PAR LE Dr DAN ALEXANDRE LEBUISSON*

LA MERE de l’activité invasive des ophtalmologistes réside dans la chirurgie de la cataracte et les injections intravitréennes. Ces deux rostres de la dépense médicale oculaire s’appuient et sont soutenus par les fabricants et compagnies pharmaceutiques en charge de la recherche et du développement des produits employés. Il faut des années pour modifier une grille tarifaire de dispositifs ou d’honoraires médicaux. En revanche, l’imagination et la technologie permettent à l’alliance des fabricants et chirurgiens d’innover sans cesse. Ainsi, on estime à 18-24 mois la durée d’une version d’un matériel médical innovant (1). Penchons-nous sur les interventions de la cataracte. La chirurgie du cristallin ne concerne plus seulement les cataractes avérées, mais aussi celles encore peu marquées ou en gestation. L’échange de cristallin clair est la phase préliminaire de ce vaste théâtre d’indications. Désormais, on parle de chirurgie réfractive de la cataracte.
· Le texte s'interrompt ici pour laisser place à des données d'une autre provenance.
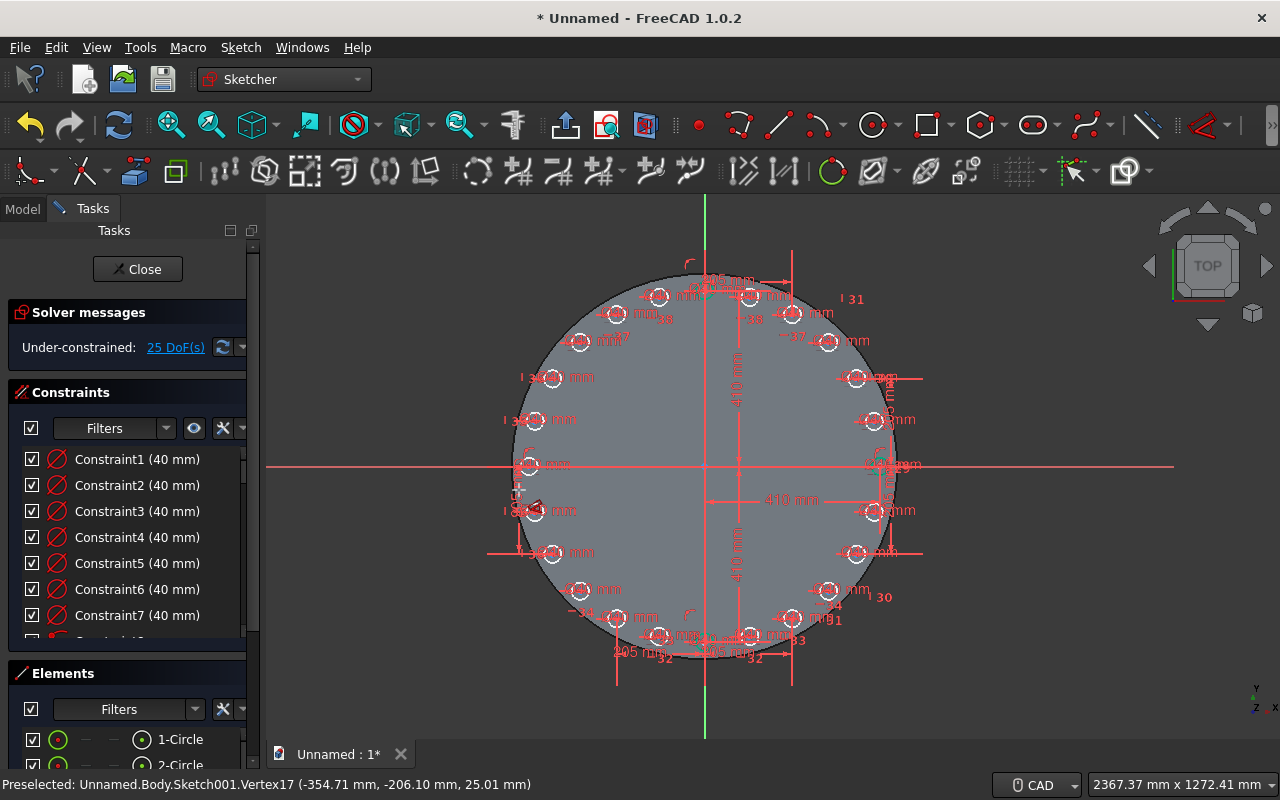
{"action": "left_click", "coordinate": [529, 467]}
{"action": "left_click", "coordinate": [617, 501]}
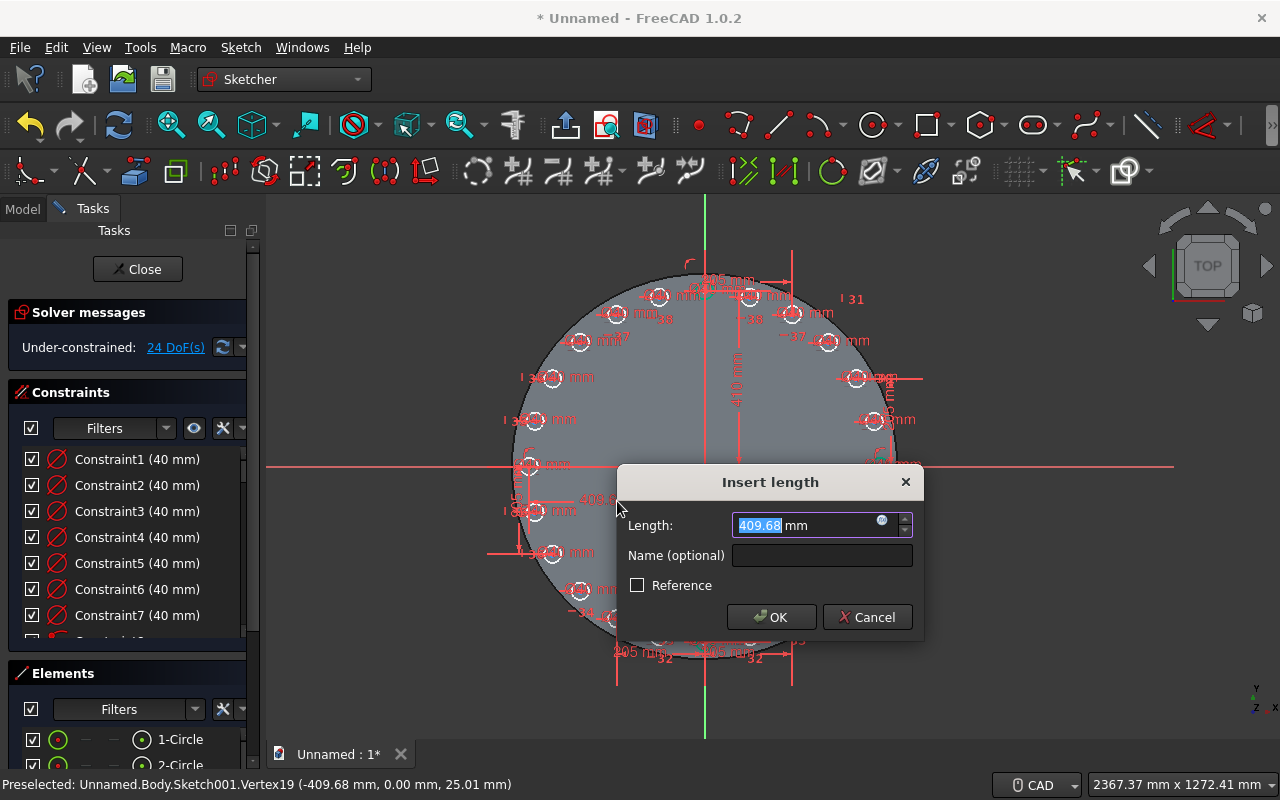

Ce vocable, ici employé volontairement à l’instar des opérations laser de correction de la vision, situe bien la question.

Il n’est pas étonnant que le nombre d’opérations se monte à environ 600 000 par an, ce qui n’est plus très loin du niveau de la mortalité. Les indications augmentent régulièrement pour un nombre de patients en constante expansion. Si, en France l’âge moyen des opérés se situe toujours à 73-74 ans (71 ans pour l’ambulatoire), il apparaît évident qu’avec l’allongement de la durée de vie et des exigences, l’importance de la restauration visuelle s’accroisse. La chirurgie a fait des bonds considérables pour ne plus se contenter d’avoir anatomiquement réussi l’intervention. Elle intègre désormais l’ambulatoire, l’absence de recours à l’anesthésie générale et une morbidité quasi nulle. Nos patients, en contrepartie d’indications posées tôt, attendent un bienfait ajouté à la seule opération. Les exigences de la vie professionnelle, sociale, affective, sportive, le besoin d’autonomie renforcent la nécessité de recourir à des moyens sophistiqués de réhabilitation.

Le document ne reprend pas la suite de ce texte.